Puerto Rico competed at the 2016 Summer Olympics in Rio de Janeiro, Brazil, from 5 to 21 August 2016. This was the nation's eighteenth consecutive appearance at the Summer Olympics.

The Puerto Rico Olympic Committee (Spanish: Comité Olímpico de Puerto Rico, COPUR) sent a team of 40 athletes, 13 men and 27 women, to compete in 15 sports at the Games. The nation's full roster in Rio de Janeiro was roughly 15 athletes larger than those who attended the London Games four years earlier, and also featured more female participants than males for the first time in Olympic history. Among the sports represented by the nation's athletes, Puerto Rico marked its Olympic debut in table tennis, triathlon, and women's indoor volleyball, as well as its return to taekwondo after 8 years, diving, equestrian, and tennis after 12 years, and road cycling after two decades.

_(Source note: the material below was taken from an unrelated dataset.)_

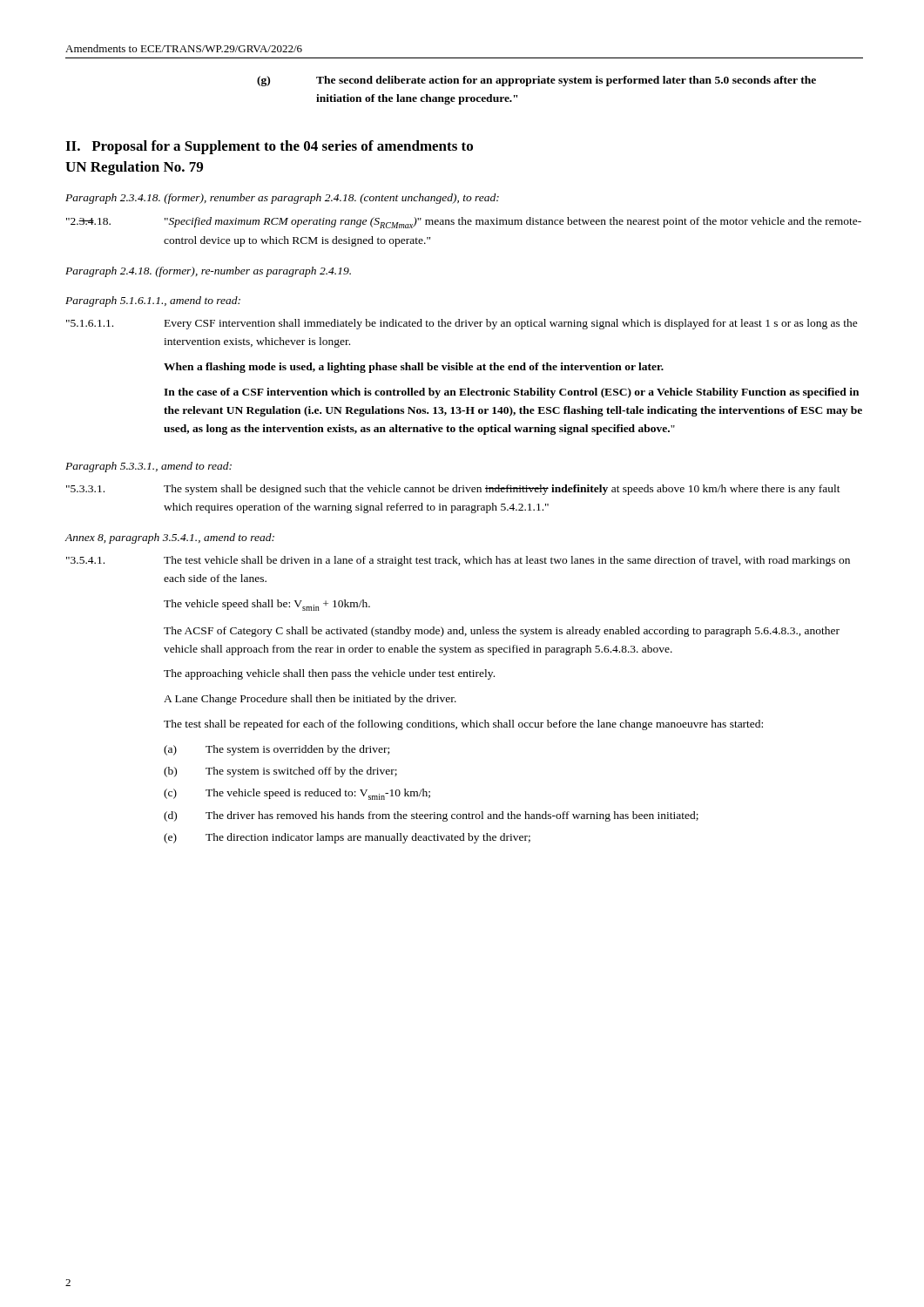Find the text block containing ""5.1.6.1.1. Every CSF intervention shall"

pyautogui.click(x=464, y=380)
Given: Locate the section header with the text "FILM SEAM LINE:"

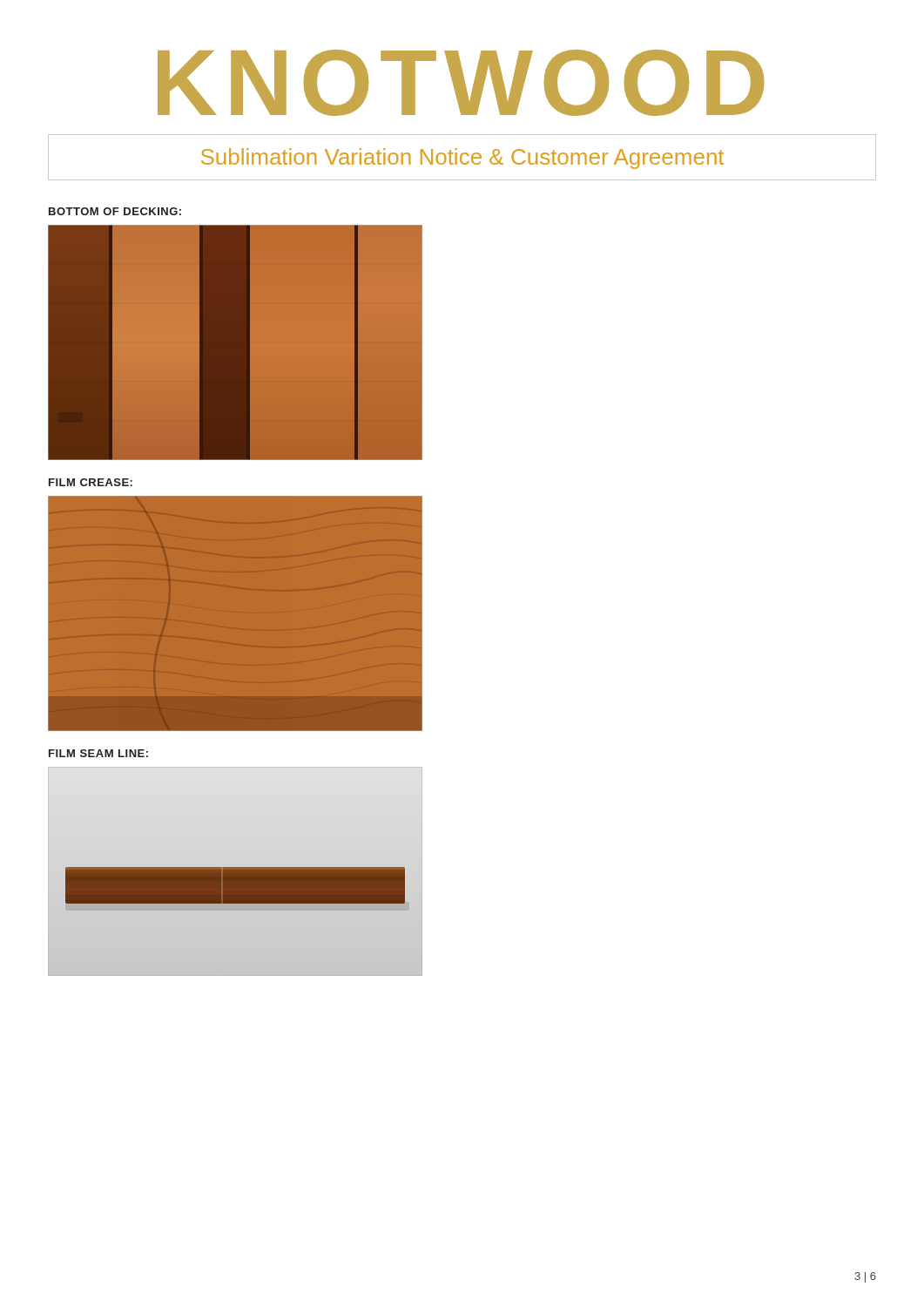Looking at the screenshot, I should click(99, 753).

Of the 40 participants, twenty-nine of them made their Olympic debut in Rio de Janeiro, including table tennis players Brian Afanador and 15-year-old Adriana Diaz, tennis player Mónica Puig, and New York-based taekwondo fighter Crystal Weekes. Meanwhile, eleven Puerto Rican athletes had past Olympic experience, highlighted by swimmer Vanessa García, who became the first woman from her country to compete in four Olympic Games; track star Javier Culson, who captured the bronze medal in the men's 400 m hurdles four years earlier in London; and freestyle wrestler Jaime Espinal (men's 86 kg), who pocketed his country's first silver in nearly three decades. The most successful athlete of the previous Games, Espinal was selected to lead his delegation as the flag bearer in the opening ceremony.

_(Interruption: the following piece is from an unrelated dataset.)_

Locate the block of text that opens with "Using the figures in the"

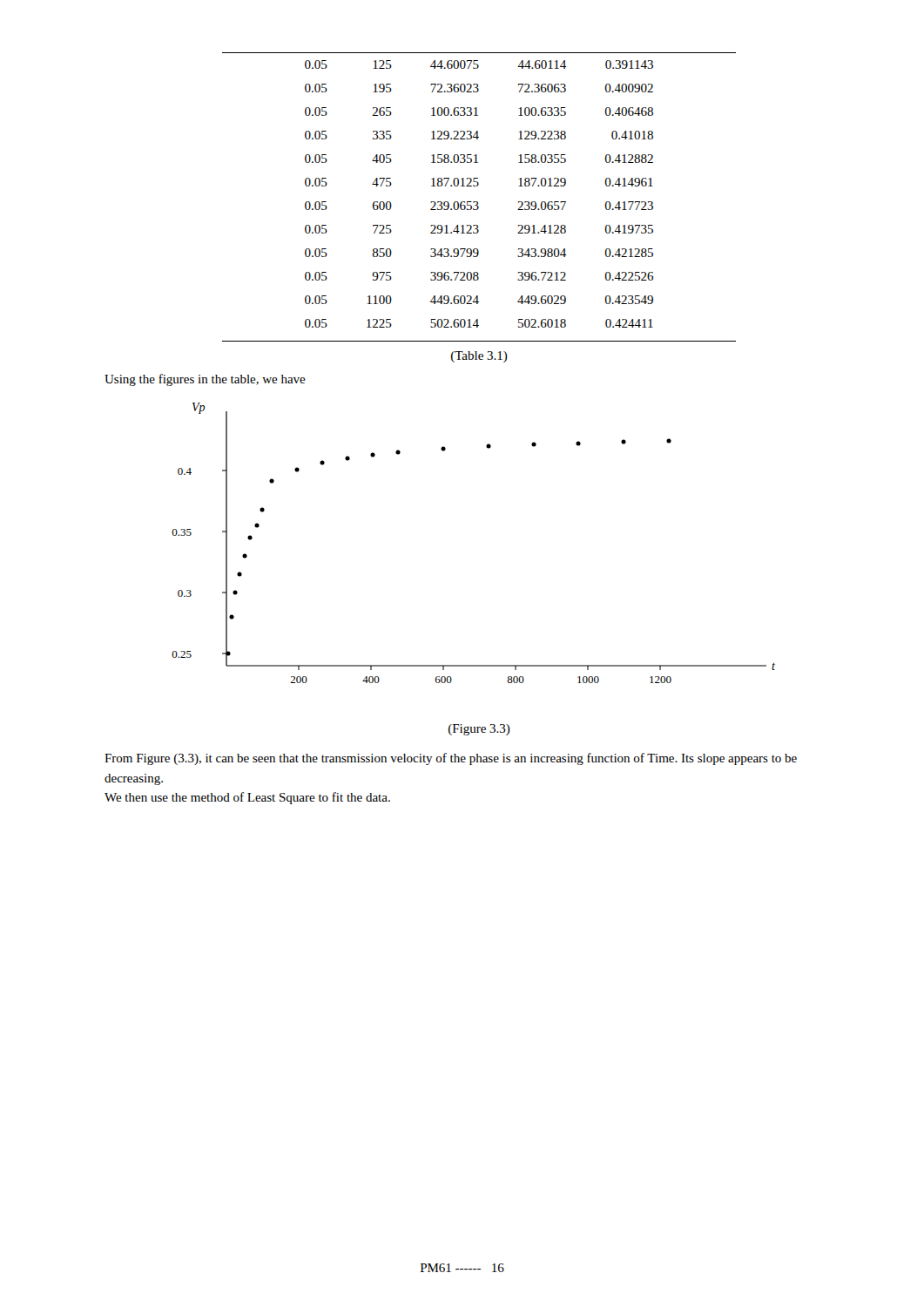(x=205, y=379)

Puerto Rico left Rio de Janeiro with a surprisingly historic gold-medal triumph from the unseeded Puig, who became the nation's first ever Olympic champion by defeating Germany's Angelique Kerber in the women's singles, as well as its first female medalist in any sport. Meanwhile, two Puerto Rican athletes fell short to join with Puig on the podium, including platform diver Rafael Quintero, who rounded out his maiden Games with a seventh-place finish, and Culson, who was disqualified in the men's 400 m hurdles final due to a false start.